___ DATA FOR PROCESSING

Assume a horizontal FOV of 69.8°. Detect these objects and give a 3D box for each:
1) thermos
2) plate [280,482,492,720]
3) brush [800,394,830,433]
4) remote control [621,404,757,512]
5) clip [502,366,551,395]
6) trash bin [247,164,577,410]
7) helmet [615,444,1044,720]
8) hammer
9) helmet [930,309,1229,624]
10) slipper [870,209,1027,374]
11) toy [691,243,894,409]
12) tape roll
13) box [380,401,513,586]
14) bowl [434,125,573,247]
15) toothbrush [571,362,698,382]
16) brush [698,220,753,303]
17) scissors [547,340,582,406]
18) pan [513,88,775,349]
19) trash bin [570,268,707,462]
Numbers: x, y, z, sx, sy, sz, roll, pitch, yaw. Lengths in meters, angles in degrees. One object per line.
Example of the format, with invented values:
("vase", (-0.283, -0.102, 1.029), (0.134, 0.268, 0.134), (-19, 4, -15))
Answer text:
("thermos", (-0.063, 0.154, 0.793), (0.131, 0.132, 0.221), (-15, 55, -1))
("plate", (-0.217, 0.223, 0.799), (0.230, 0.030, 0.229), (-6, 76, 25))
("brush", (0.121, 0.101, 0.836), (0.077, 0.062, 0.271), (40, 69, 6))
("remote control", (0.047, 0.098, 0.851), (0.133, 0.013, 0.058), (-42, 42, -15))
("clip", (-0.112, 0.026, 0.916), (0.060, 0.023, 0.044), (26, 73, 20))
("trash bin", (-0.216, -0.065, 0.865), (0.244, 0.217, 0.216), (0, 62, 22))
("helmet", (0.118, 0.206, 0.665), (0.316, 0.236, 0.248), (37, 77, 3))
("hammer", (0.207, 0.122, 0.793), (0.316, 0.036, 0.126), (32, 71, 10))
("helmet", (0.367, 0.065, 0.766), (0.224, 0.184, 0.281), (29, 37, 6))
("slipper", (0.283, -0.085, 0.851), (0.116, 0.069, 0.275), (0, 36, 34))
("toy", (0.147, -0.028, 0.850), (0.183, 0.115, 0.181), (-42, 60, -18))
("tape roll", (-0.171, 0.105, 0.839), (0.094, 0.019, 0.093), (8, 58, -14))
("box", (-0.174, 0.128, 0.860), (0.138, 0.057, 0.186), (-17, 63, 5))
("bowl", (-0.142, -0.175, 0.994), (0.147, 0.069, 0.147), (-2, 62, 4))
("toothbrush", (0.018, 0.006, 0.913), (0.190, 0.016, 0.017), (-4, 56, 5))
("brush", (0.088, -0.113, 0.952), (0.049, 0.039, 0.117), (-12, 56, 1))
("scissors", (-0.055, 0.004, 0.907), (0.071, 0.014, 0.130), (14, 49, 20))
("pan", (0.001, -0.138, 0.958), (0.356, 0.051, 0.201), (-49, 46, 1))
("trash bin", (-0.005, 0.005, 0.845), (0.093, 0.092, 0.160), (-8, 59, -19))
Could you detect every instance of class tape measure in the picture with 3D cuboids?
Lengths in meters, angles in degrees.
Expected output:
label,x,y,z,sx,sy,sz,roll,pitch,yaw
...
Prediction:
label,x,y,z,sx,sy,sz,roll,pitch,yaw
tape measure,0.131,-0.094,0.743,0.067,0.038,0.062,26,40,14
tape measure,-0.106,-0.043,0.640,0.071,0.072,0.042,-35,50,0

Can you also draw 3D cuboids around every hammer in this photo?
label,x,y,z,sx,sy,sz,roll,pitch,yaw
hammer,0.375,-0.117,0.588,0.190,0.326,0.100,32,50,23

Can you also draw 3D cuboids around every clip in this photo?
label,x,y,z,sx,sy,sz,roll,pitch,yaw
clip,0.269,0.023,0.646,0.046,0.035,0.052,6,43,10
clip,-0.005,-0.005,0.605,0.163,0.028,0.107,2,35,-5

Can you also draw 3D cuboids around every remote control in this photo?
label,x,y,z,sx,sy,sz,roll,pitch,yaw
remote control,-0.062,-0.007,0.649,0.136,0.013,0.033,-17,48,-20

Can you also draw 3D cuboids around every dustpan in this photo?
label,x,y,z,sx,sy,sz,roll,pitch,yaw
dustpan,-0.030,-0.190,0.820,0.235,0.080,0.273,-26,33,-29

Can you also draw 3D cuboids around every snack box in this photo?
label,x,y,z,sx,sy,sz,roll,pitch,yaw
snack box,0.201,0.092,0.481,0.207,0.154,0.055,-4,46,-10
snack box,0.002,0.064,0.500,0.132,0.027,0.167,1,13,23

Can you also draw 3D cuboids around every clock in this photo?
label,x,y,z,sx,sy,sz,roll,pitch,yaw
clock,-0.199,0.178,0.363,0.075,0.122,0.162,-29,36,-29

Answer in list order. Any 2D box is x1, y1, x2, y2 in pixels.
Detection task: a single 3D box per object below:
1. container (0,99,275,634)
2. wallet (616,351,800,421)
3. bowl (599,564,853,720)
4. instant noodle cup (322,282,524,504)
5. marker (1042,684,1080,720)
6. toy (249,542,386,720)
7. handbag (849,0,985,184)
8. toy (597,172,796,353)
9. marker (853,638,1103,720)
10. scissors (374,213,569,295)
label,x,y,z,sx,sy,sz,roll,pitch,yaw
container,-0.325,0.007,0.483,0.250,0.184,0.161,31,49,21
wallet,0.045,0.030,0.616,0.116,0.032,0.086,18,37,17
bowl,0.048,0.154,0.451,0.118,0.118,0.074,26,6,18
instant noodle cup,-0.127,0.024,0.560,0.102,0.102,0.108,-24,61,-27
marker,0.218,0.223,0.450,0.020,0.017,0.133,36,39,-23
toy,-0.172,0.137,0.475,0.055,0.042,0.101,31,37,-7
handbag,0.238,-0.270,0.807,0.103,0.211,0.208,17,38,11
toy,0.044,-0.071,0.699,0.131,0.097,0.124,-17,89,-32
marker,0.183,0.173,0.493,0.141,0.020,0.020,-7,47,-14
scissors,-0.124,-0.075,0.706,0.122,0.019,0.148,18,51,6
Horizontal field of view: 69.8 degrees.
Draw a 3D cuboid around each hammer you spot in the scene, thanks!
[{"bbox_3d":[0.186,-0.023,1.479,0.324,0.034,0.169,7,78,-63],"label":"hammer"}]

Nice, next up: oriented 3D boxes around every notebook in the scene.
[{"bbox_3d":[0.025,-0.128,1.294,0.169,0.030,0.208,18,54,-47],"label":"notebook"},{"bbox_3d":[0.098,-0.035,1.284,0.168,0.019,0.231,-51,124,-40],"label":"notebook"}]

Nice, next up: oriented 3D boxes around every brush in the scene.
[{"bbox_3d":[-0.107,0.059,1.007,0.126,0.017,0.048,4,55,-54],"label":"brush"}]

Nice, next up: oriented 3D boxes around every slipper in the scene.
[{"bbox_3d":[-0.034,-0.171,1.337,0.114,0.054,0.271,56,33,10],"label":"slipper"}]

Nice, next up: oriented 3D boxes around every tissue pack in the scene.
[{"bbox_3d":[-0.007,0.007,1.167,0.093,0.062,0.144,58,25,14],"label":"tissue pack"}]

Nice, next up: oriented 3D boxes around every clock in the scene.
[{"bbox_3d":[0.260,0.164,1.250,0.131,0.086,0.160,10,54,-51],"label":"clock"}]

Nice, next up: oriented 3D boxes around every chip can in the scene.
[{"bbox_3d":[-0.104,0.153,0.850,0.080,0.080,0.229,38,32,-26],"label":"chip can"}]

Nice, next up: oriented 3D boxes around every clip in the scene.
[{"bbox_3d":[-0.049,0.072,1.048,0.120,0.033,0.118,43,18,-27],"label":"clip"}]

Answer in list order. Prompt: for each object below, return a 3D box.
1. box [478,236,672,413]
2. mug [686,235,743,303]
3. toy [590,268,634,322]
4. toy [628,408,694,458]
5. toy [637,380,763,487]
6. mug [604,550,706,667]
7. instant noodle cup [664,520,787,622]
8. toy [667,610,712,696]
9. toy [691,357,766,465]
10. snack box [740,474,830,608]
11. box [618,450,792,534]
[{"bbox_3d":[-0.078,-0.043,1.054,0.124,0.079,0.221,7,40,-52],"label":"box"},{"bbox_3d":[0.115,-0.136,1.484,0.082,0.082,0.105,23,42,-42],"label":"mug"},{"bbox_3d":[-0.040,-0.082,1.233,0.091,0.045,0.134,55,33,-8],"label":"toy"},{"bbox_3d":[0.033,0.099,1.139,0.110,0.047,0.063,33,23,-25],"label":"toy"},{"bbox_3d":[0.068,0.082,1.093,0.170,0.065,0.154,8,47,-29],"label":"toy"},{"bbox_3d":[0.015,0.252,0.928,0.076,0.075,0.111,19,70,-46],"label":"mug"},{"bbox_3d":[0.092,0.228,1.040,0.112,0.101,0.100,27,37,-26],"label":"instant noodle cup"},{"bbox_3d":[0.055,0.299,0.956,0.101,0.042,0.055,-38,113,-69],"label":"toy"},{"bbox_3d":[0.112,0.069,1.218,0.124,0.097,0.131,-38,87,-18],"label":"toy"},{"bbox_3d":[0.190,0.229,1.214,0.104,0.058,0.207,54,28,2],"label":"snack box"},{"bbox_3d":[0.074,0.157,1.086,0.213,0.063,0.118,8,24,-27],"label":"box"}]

______

Could you restate, word for word, the lines above from the one with "7. instant noodle cup [664,520,787,622]" to the one with "10. snack box [740,474,830,608]", both included?

7. instant noodle cup [664,520,787,622]
8. toy [667,610,712,696]
9. toy [691,357,766,465]
10. snack box [740,474,830,608]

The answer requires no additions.